Even with all the disruptions of the onset of the pandemic, sales in 2020 ended at about 5.5 million. The next year, sales soared to over 6 million amid the frenzied market as mortgage rates sank in 2021. Then, sales dropped to 5 million in 2022 as the Federal Reserve began its historic campaign to rein in inflation, pushing mortgage rates higher. As mortgage rates hit 7.79% in October 2023, the highest in 23 years, sales sank again, to about 4 million.
But high mortgage rates aren’t entirely to blame for the deficit in transactions last year, said Lisa Sturtevant, chief economist at Bright Multiple Listing Service, in a statement Friday.
“The demand for housing — and homeownership, in particular — has remained high, despite higher rates,” she said. “Prospective homebuyers have been shut out of the market by a lack of inventory. If there had been more listings on the market in 2023, we would have had more home sales.”
New home construction slowed at the end of 2023
The annual pace of new home construction pulled back last month after soaring in November, despite a historic shortage of housing inventory and falling mortgage rates.
Housing starts came down by 4.3% in December compared to the previous month, according to data released Thursday by the Census Bureau.
Starts fell to a seasonally adjusted annual rate of 1.46 million units last month, dropping from November’s pace of 1.56 million.
Still, homebuilding has improved from a year ago, with housing starts up 7.6% from the rate of 1.357 million units in December 2022.
In other good news for expanding the inventory of homes, building permits ticked up in December, climbing 1.9% from November’s revised number to a seasonally adjusted annual rate of 1.467 million.
Permits were 6.1% higher than a year ago.
Even though construction starts slowed to end 2023, there are tailwinds with mortgage rates trending lower that will help construction this year, said Kelly Mangold of RCLCO Real Estate Consulting, in a statement.

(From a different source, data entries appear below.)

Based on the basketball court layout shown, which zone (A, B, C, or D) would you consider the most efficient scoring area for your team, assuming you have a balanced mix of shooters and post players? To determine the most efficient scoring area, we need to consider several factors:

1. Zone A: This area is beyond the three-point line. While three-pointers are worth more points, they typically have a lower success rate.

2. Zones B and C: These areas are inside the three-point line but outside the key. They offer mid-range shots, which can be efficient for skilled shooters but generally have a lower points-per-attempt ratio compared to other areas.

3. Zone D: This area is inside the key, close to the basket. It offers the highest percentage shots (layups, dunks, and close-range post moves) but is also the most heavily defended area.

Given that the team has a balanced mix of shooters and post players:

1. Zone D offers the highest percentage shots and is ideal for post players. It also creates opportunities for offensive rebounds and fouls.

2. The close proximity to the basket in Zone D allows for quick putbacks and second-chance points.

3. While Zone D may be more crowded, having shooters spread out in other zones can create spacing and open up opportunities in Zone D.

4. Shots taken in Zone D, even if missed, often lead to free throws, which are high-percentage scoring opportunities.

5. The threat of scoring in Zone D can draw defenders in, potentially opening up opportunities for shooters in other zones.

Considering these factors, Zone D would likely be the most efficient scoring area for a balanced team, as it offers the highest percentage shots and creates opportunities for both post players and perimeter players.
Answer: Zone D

RELATED: New home sales climb as builders and house hunters struggle to scrape up capital
While average mortgage rates have ticked higher the past few weeks, they have settled at around 6.6%, one full percentage point lower than last year’s peak of 7.79%, according to Freddie Mac. And they are expected to continue to fall slowly in 2024.
Homebuilder sentiment in January is strong, according to a separate survey released on Wednesday, which showed optimism about the new construction market is the highest it has been since September.

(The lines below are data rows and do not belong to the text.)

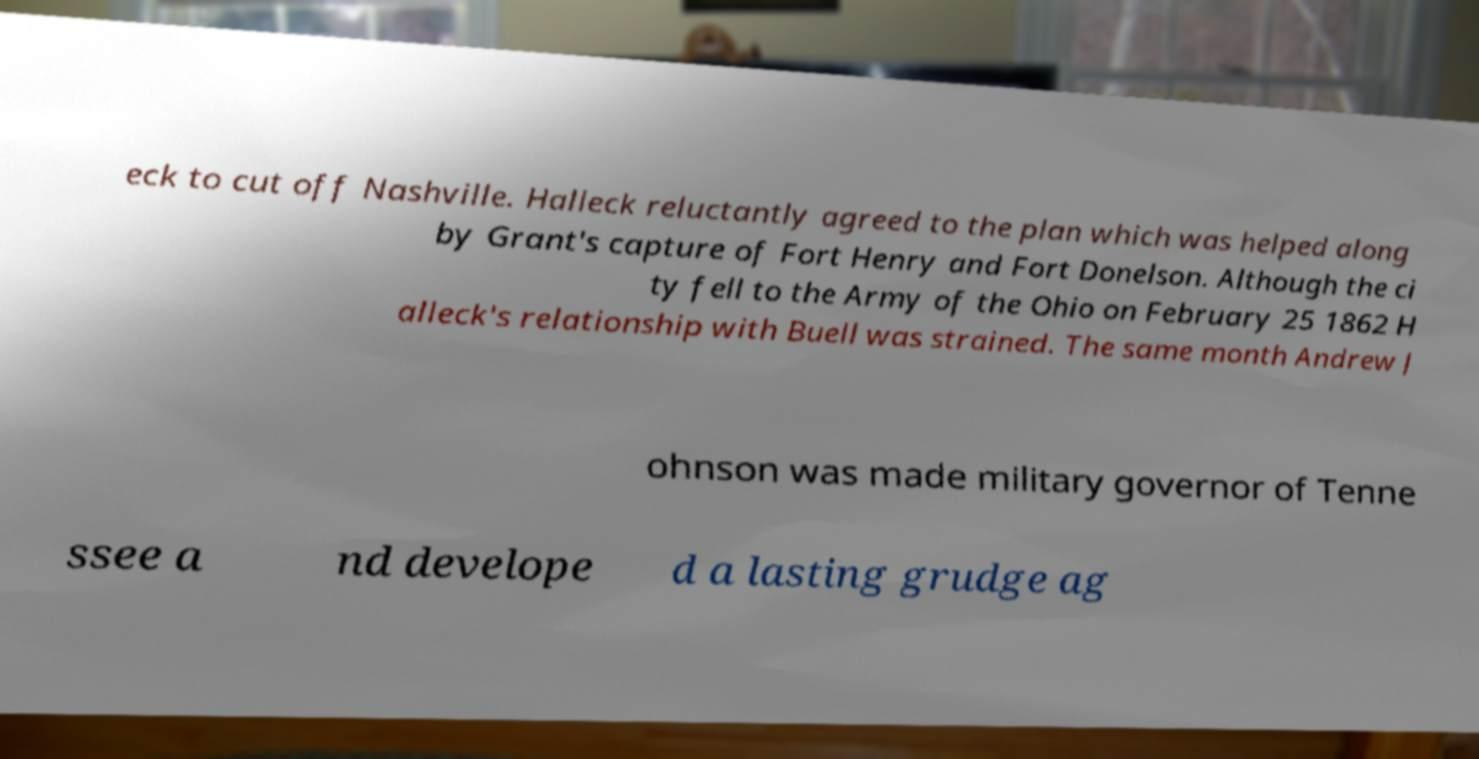I need the written content from this picture converted into text. Can you do that? eck to cut off Nashville. Halleck reluctantly agreed to the plan which was helped along by Grant's capture of Fort Henry and Fort Donelson. Although the ci ty fell to the Army of the Ohio on February 25 1862 H alleck's relationship with Buell was strained. The same month Andrew J ohnson was made military governor of Tenne ssee a nd develope d a lasting grudge ag 
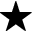<formula> <loc_0><loc_0><loc_500><loc_500>^ { * }</formula> 
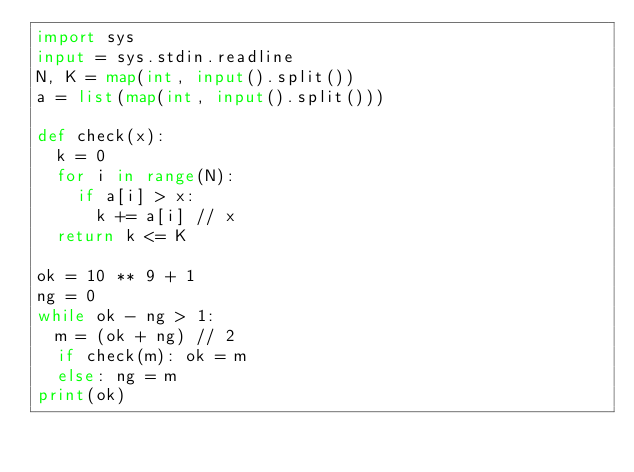Convert code to text. <code><loc_0><loc_0><loc_500><loc_500><_Python_>import sys
input = sys.stdin.readline
N, K = map(int, input().split())
a = list(map(int, input().split()))

def check(x):
  k = 0
  for i in range(N):
    if a[i] > x:
      k += a[i] // x
  return k <= K

ok = 10 ** 9 + 1
ng = 0
while ok - ng > 1:
  m = (ok + ng) // 2
  if check(m): ok = m
  else: ng = m
print(ok)</code> 
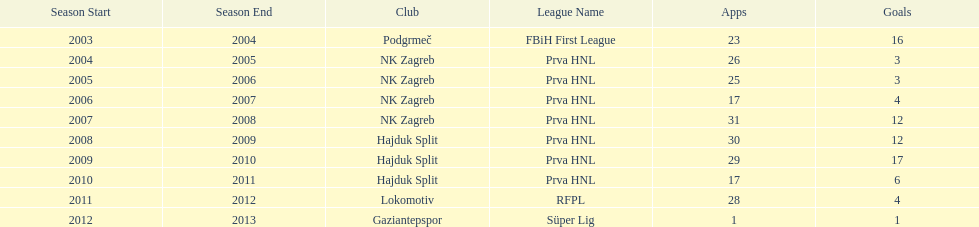Did ibricic score more or less goals in his 3 seasons with hajduk split when compared to his 4 seasons with nk zagreb? More. 
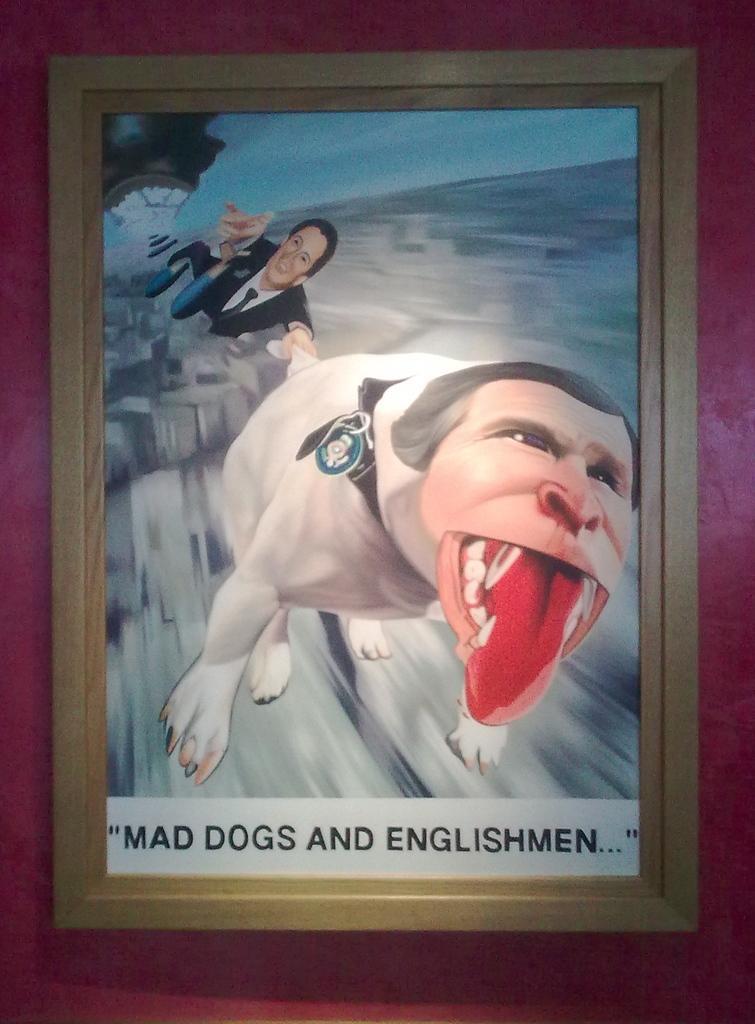Describe this image in one or two sentences. In this image I can see a picture on the wall. Something is written on the picture. In that picture I can see an animated person and animal. In the background of the picture it is blurry.  
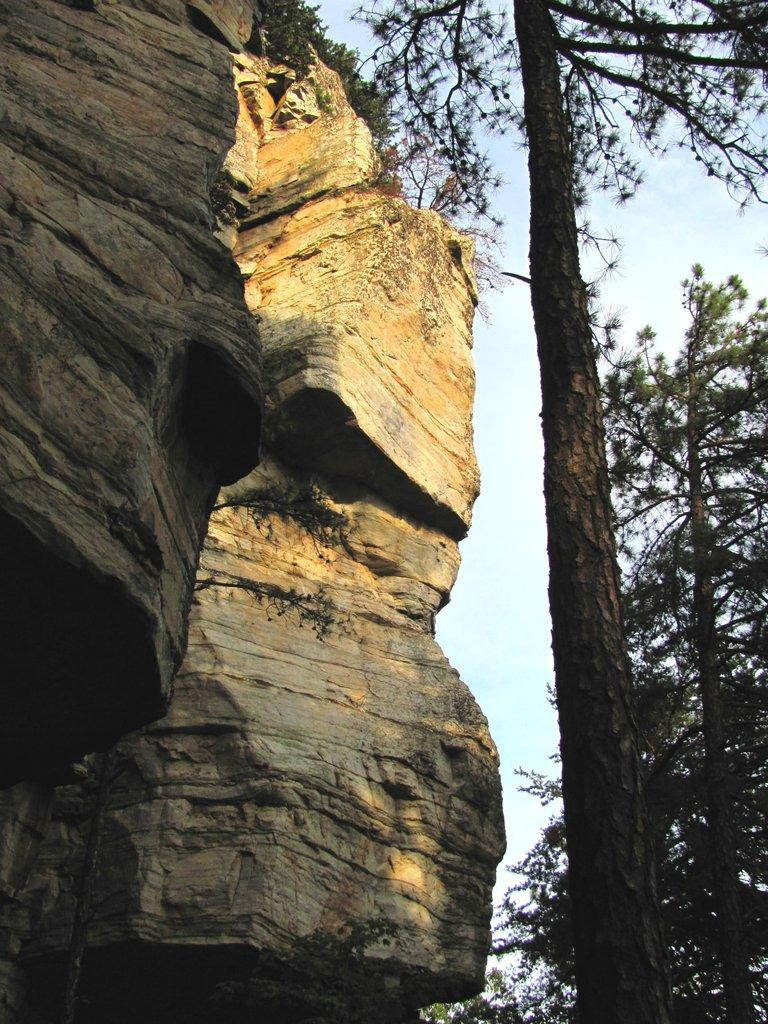What type of natural elements can be seen in the image? There are rocks and trees visible in the image. What is visible at the top of the image? The sky is visible at the top of the image. What route is the beef taking in the image? There is no beef or route present in the image. Can you tell me who is involved in the argument in the image? There is no argument or people present in the image. 
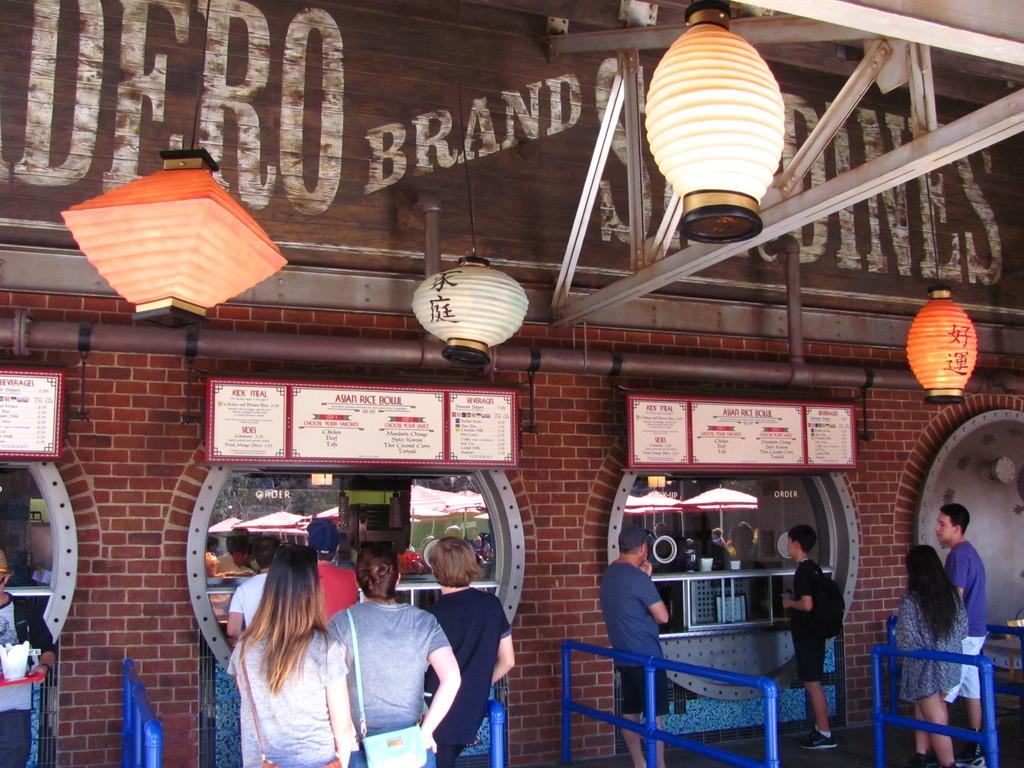Who or what is present in the image? There are people in the image. Where are the people located in the image? The people are standing at the bottom of the image. What can be seen at the top of the image? There are lights at the top of the image. What type of establishment might the image depict? The image appears to depict a store. What type of doll is on fire in the image? There is no doll or fire present in the image. What kind of medical assistance is being provided to the people in the image? There is no indication of medical assistance or a doctor in the image.

New construction has benefited from the low inventory of homes on the resale market, where homeowners are reluctant to sell and give up their ultra-low mortgage rate for much higher prevailing rates. As mortgage rates come down, Mangold said, the resale market may become more active.
“The resale market, which has been relatively silent in 2023, may provide increased competition to the new home market if rates decline to a point that potential sellers feel less locked in to their mortgage than they did in 2023,” she said.
Expectations of lower mortgage rates in 2024 are a boon to homebuyers who may have more home options to choose from in the coming year.
New construction home completions were at a seasonally adjusted annualized rate of 1.574 million, which is 8.7% above November and 13.2% above the completions a year ago.
“Looking ahead, buyers who have been sidelined in 2023 may enter the market in 2024 if conditions improve, and lower rates will bring increased affordability to buyers,” Mangold added.
Applications for mortgages to buy a newly built home were up 22% from a year ago, although they were down 4% in December from the month before, according to a separate survey released Thursday by the Mortgage Bankers Association.
“The low level of existing homes for sale continues to divert prospective buyers to newly built homes,” said Joel Kan, MBA’s vice president and deputy chief economist, in the survey’s release.
The average loan size for new homes increased from $390,049 in November to $405,368 in December.